Отрывок из неопубликованных воспоминаний)

ПАТРУЛЬНЫЙ ВЕРТОЛЁТ “КВ-239”, ОБЛЁТ СЕВЕРНОГО ВЕКТЕСА.

— «У меня так мама делала», — сказал Соротки.

— «Что, она тоже обстреливала с воздуха бронированные столбы?» — Дом не сводил глаз с раскинувшегося под вертолётом пейзажа, выискивая взглядом среди деревьев те, которым было тут совсем не место. Маркус занял наблюдательный пост у противоположного люка. Без Бэрда и Коула в салоне вертолёта висела какая-то странная тишина. Даже Митчелл, сидевший сбоку за пулемётом, был не особо разговорчив тем утром.

— «Нет, я о том, что она тоже брала меня с собой в длинные поездки на автомобиле», — ответил Соротки. — «Едешь так и считаешь все красные грузовики по пути. Или коров. Или двадцатиметровые столбы агрессивно настроенной формы жизни».

Дом вспомнил, как его дети, Бенни и Сильви, занимались примерно тем же во время их поездок. На секунду от нахлынувших воспоминаний встал комок в горле.

— «Лейтенант, что это ты бодрый такой всё время?»

— «Ладно, молчу».

— «Нет, я серьёзно. Ни разу в жизни тебя не видел в плохом настроении. Вообще никогда».

В вертолёте вдруг воцарилась тишина. Ну, или просто возникли неполадки в работе внутренней радиосвязи. Разговор непреднамеренно перешёл в серьёзное русло, а Дом старался избегать таких на тот случай, если он сорвётся и начнёт говорить о Марии и детях, заставив всех смущённо ёрзать на месте. Он понял, что теперь стал куда реже думать о них. Только неясно, откуда это шло: то ли Дом научился блокировать болезненные воспоминания, то ли просто смирился с потерей.

Принятие. Может, в конце концов, я и дойду до этой стадии, как и говорил психолог”, — подумал он.

— «Я себя просто так настраиваю», — наконец-то прервал молчание Соротки.

— «То есть?»

— «Я стараюсь внешне выглядеть счастливым, и когда делаешь это достаточно часто, то начинаешь себя так по-настоящему чувствовать. Это связано с ответной реакцией психики. Заставляешь себя почаще улыбаться, и рано или поздно мозг и в самом деле начинает думать, что ты счастлив. Входящий сигнал для сознания превращается в исходящий».

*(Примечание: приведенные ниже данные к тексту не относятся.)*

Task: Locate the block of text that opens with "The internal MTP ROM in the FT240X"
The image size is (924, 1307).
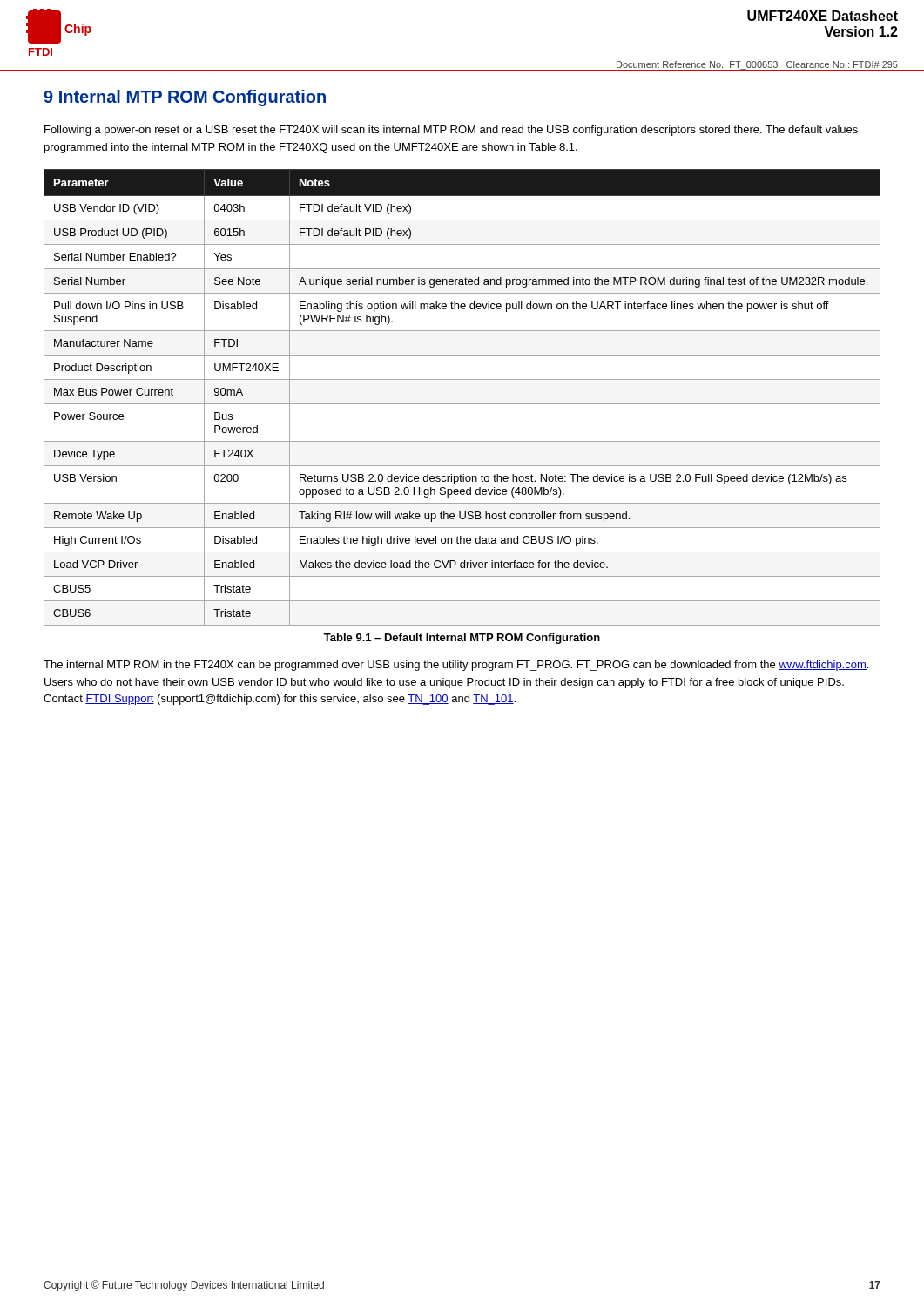Action: coord(457,681)

Будь Бэрд с ними, именно в этот момент он бы стал ныть о том, что психология — псевдонаука для придурков, зарубив на корню потенциально интересную беседу. Дом повернулся в сторону пассажирского отсека и встретился взглядом с Маркусом. Казалось, на мгновение он бросил следить за своей стороной, выглядя так, будто с нетерпением ждал ещё какого-нибудь совета от Соротки. Всем хотелось научиться ограждать себя от болезненных воспоминаний. Даже Маркусу.